======== Input records ========

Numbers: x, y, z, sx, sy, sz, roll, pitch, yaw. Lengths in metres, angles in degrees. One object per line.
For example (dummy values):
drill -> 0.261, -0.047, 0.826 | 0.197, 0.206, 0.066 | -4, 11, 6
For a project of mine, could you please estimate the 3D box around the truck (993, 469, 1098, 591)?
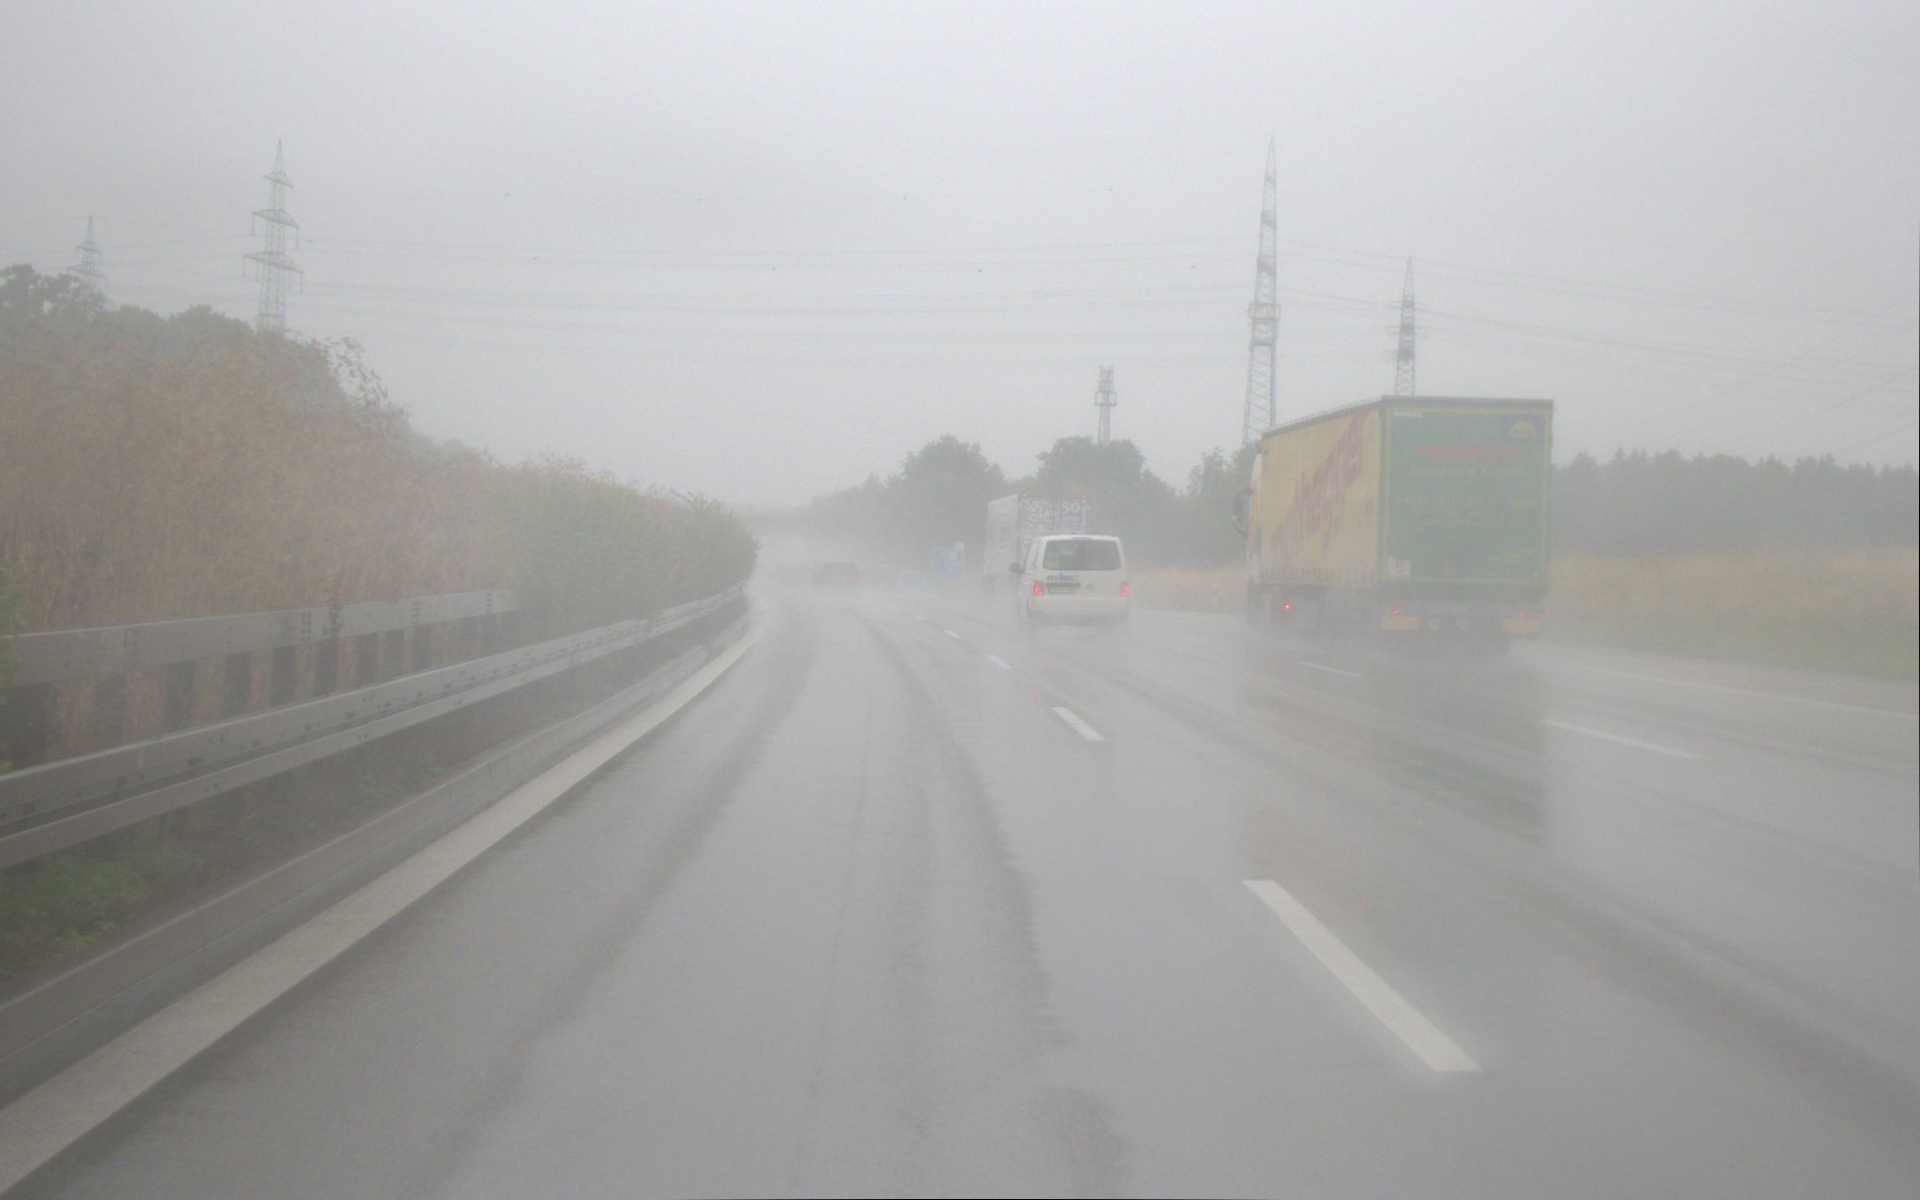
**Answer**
truck -> 3.084, -2.602, 127.245 | 3.232, 4.296, 8.838 | 1, 1, -2

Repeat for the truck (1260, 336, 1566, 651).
truck -> 7.420, -1.698, 59.097 | 4.190, 4.614, 16.103 | 1, 1, 4

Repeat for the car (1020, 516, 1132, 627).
car -> 2.231, -0.567, 65.129 | 1.994, 2.007, 4.000 | 1, 1, 3

========

[What is needed] Please repeat the data verbatim and leave the pictures out of your copy.

[Solution]
Numbers: x, y, z, sx, sy, sz, roll, pitch, yaw. Lengths in metres, angles in degrees. One object per line.
For example (dummy values):
drill -> 0.261, -0.047, 0.826 | 0.197, 0.206, 0.066 | -4, 11, 6
For a project of mine, could you please estimate the 3D box around the truck (993, 469, 1098, 591)?
**Answer**
truck -> 3.084, -2.602, 127.245 | 3.232, 4.296, 8.838 | 1, 1, -2

Repeat for the truck (1260, 336, 1566, 651).
truck -> 7.420, -1.698, 59.097 | 4.190, 4.614, 16.103 | 1, 1, 4

Repeat for the car (1020, 516, 1132, 627).
car -> 2.231, -0.567, 65.129 | 1.994, 2.007, 4.000 | 1, 1, 3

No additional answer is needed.